My sailors didn't wake up yet, sleeping in tents around the docks. Did they even start the repairs?
They stripped down the ship's hull, and I can see all the holes, but they didn't fix them.
I better take matters into my own hands then. And we have a forest nearby.
"It should be easy to find the materials we need." But rebuilding the ship or changing the damaged planks would take too long. I need something better and faster.
Wandering into the woods, I notice some buzzing. It's a beehive on a tall pine tree surrounded by oaks. This gives me an idea. Beeswax mixed with pine resin makes an excellent adhesive.
I gather some oak leaves before returning for tools, then light them on fire. It burns with a thick grey smoke and I use it to drive out the bees and take down their hive.
They build their honeycombs from their wax, and the honey is a nice extra. While I can't use it for the adhesive, it would be a shame to waste it, so I collect them into a container.
I have to grind the honeycombs and heat them to get the wax.
In the meantime, I scratch some resin off the pine and mix it over the fire to make as much glue as possible.
And I need loads. The sailors only begin to stir after I return, and I get them to work.
"Sand down the ship's hull and gather the sawdust together." This will give me the next ingredient and make the ship lighter, but there's still one more thing.
Ochre. I could skip it, but it will make the adhesive even stronger. It should be abundant on the market. The Mycenaean Greeks used it often for coloring, it's iron pigments, and sand.
Finding the right vendor is easy, and I drive a hard bargain to get some for the honey I collected.
It still costs me a lot, as I run into my destiny again. Damn it, there's no escaping it.
"Lord Odysseus, good morning." The smokey voice, even more hoarse than yesterday greets me.
It's Penelope in the flesh, and she's as beautiful as I remembered. And look who's there?
"Good morning, My Lady." Trying my best not to panic, I bow to the Spartan princess. "I wondered where my owl went, but it looks like it found a better host."
"It's a she." She pets Glauca sitting on her shoulder, and what a shoulder it is.

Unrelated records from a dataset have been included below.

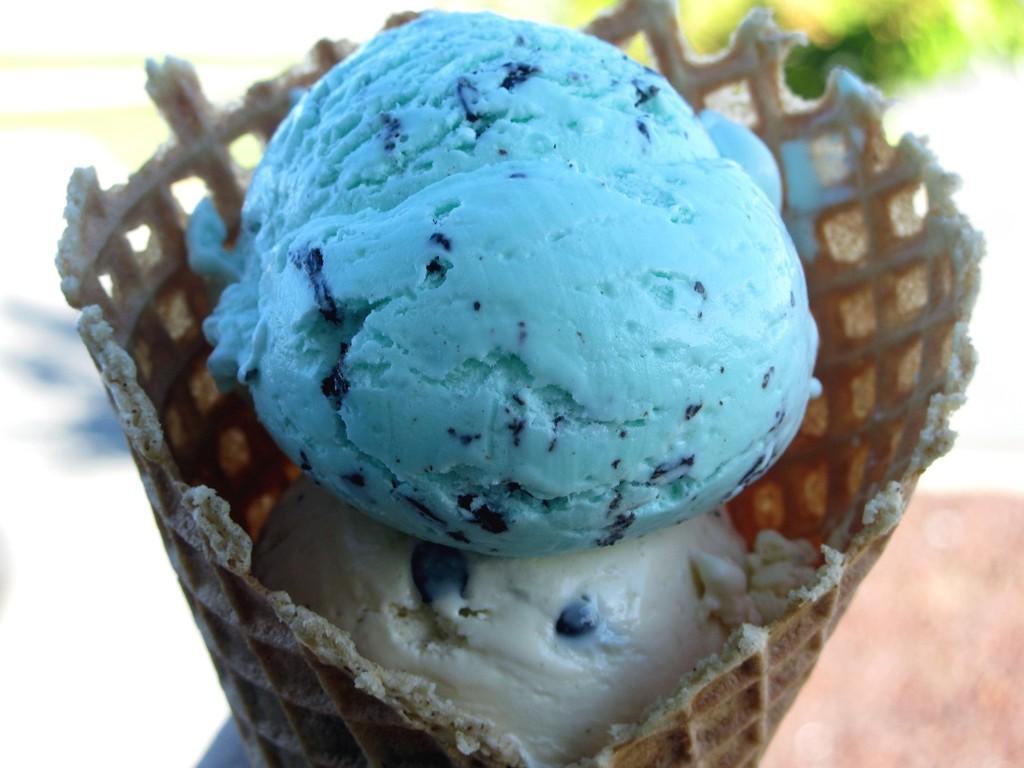Please provide a concise description of this image. In this image we can can see two scoops of ice cream in the cone, which are in white and blue color. 
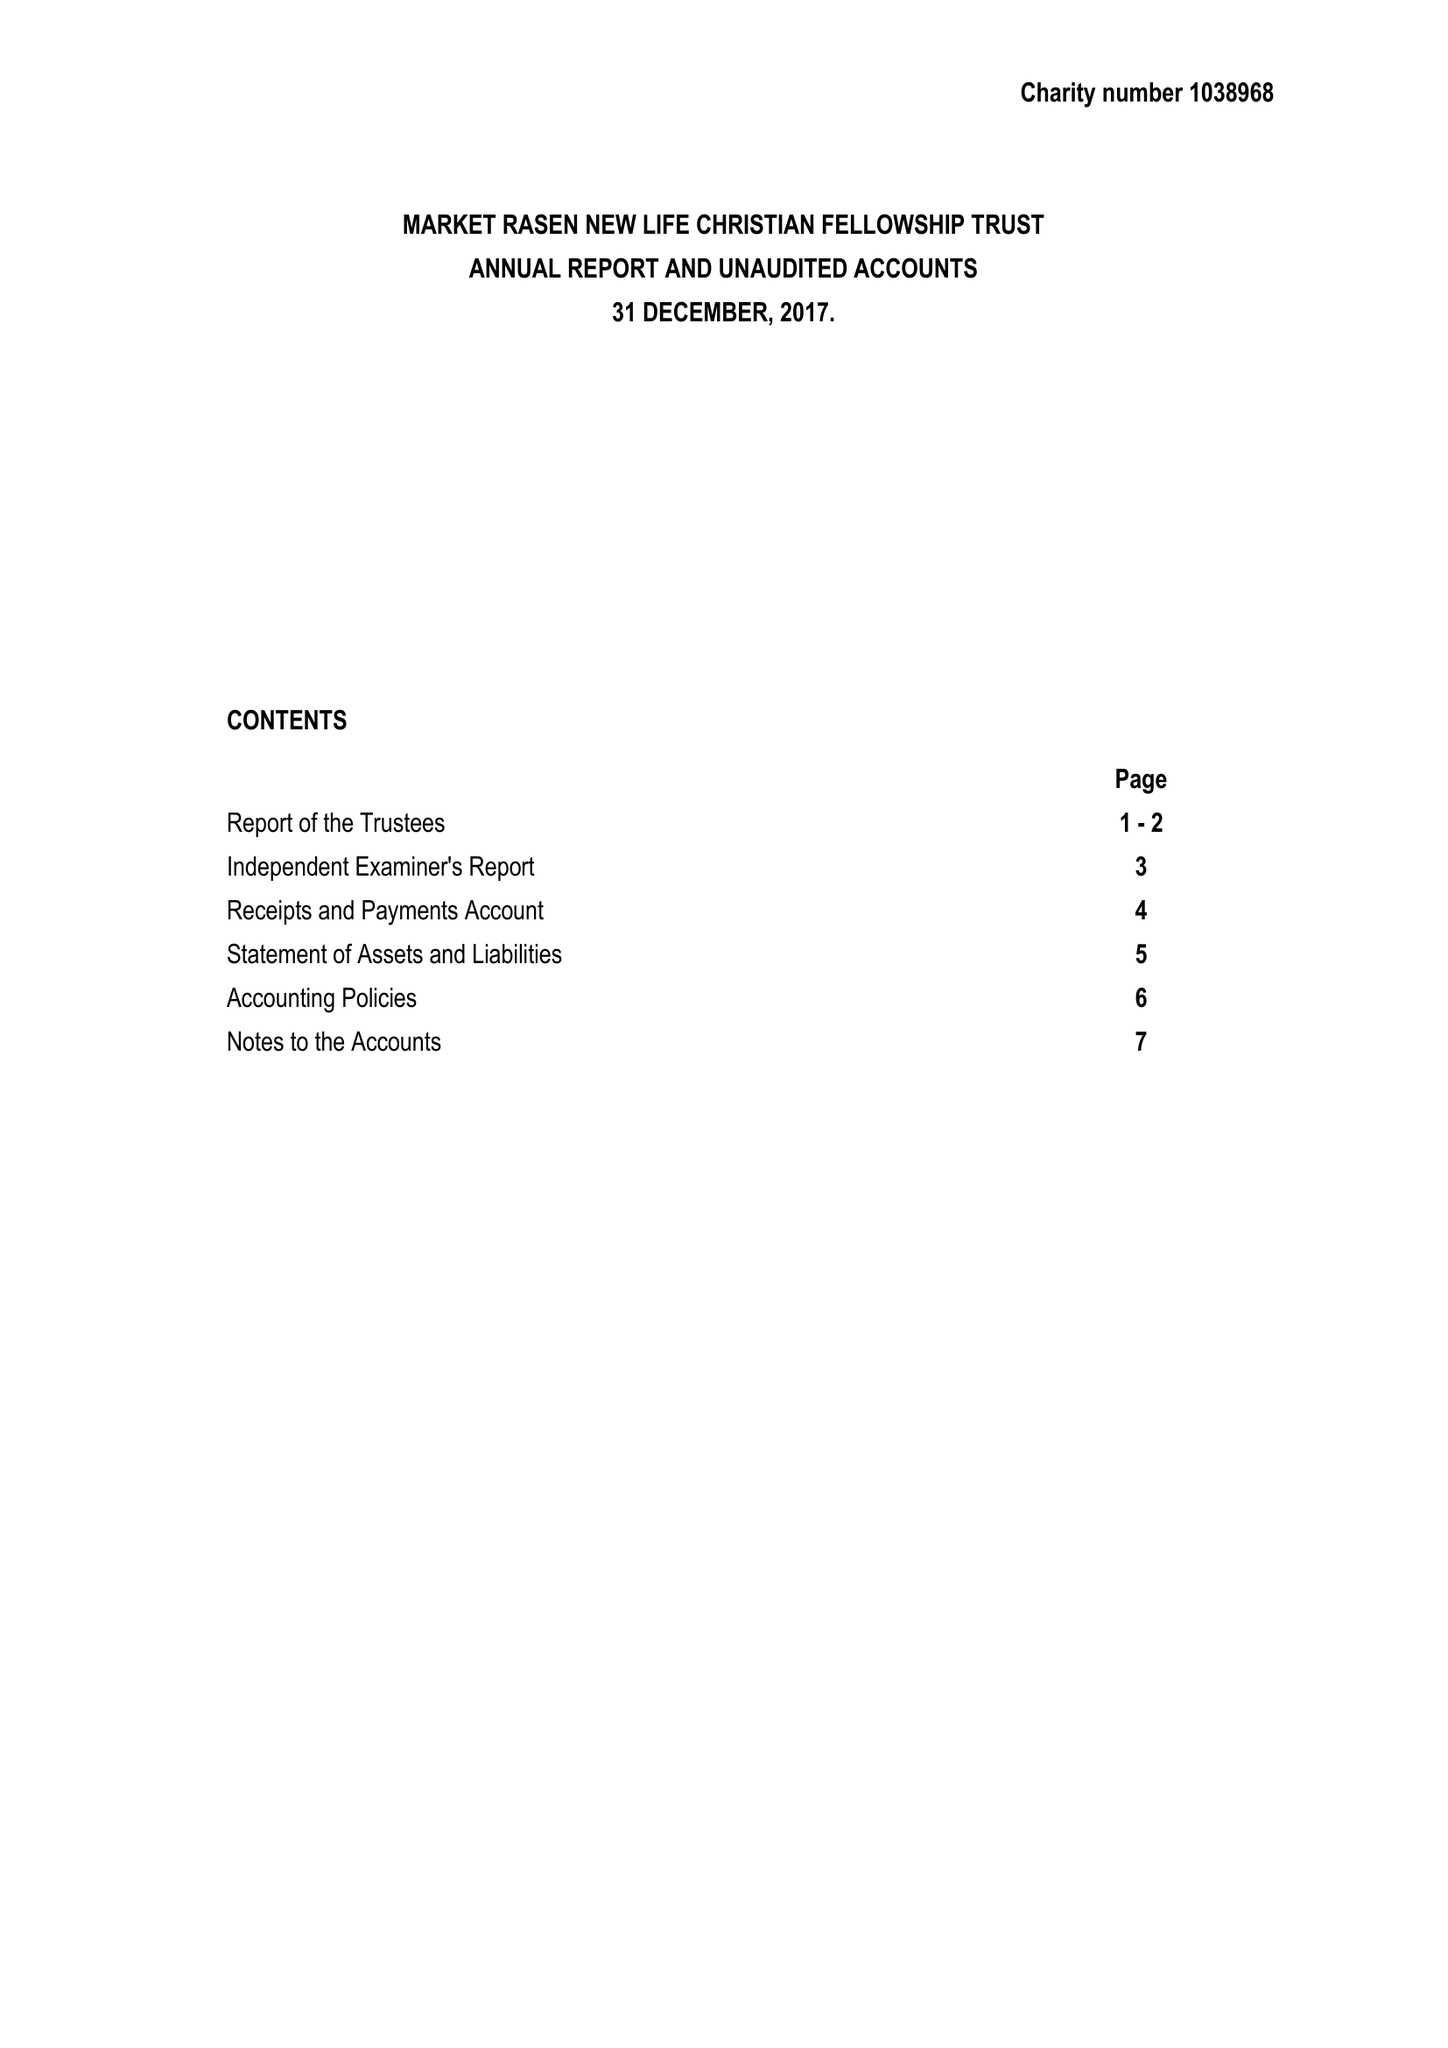What is the value for the charity_name?
Answer the question using a single word or phrase. Market Rasen New Life Christian Fellowship Trust 
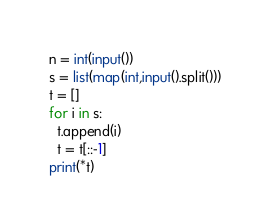Convert code to text. <code><loc_0><loc_0><loc_500><loc_500><_Python_>n = int(input())
s = list(map(int,input().split()))
t = []
for i in s:
  t.append(i)
  t = t[::-1]
print(*t)</code> 
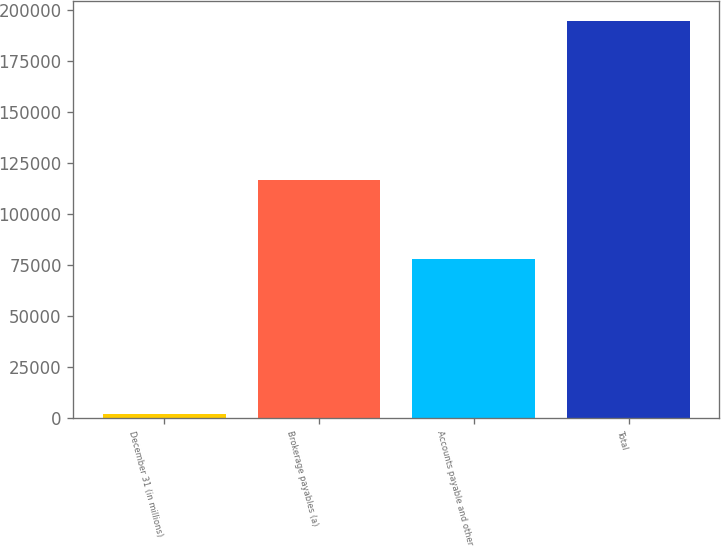Convert chart. <chart><loc_0><loc_0><loc_500><loc_500><bar_chart><fcel>December 31 (in millions)<fcel>Brokerage payables (a)<fcel>Accounts payable and other<fcel>Total<nl><fcel>2013<fcel>116391<fcel>78100<fcel>194491<nl></chart>

She wears a simple tunic, which might count as a chiton too, but it's longer than mine.
It looks better on her too.
"I suspected, but Athena didn't say, and I'm not a bird expert."
It doesn't matter anyway, I'm going to strangle that owl to death.
Look at her smug face, it's almost like she's smiling.
"But please tell me something, princess. How did you and everyone recognize this bird?" It's as good an opportunity to ask as any, and there is an urge to make her talk a little longer.
"Well, the blue aura around her is quite a giveaway." She hovers her beautiful hand around the bird, her giggle sounding like a song from the heavens. There is no blue aura though. None.
"I don't see it." And no, squinting doesn't help either.
Is it because I'm from the future? Or am I blind to these mythical things?
Well, I can see this angel without an issue.
No, that is the issue.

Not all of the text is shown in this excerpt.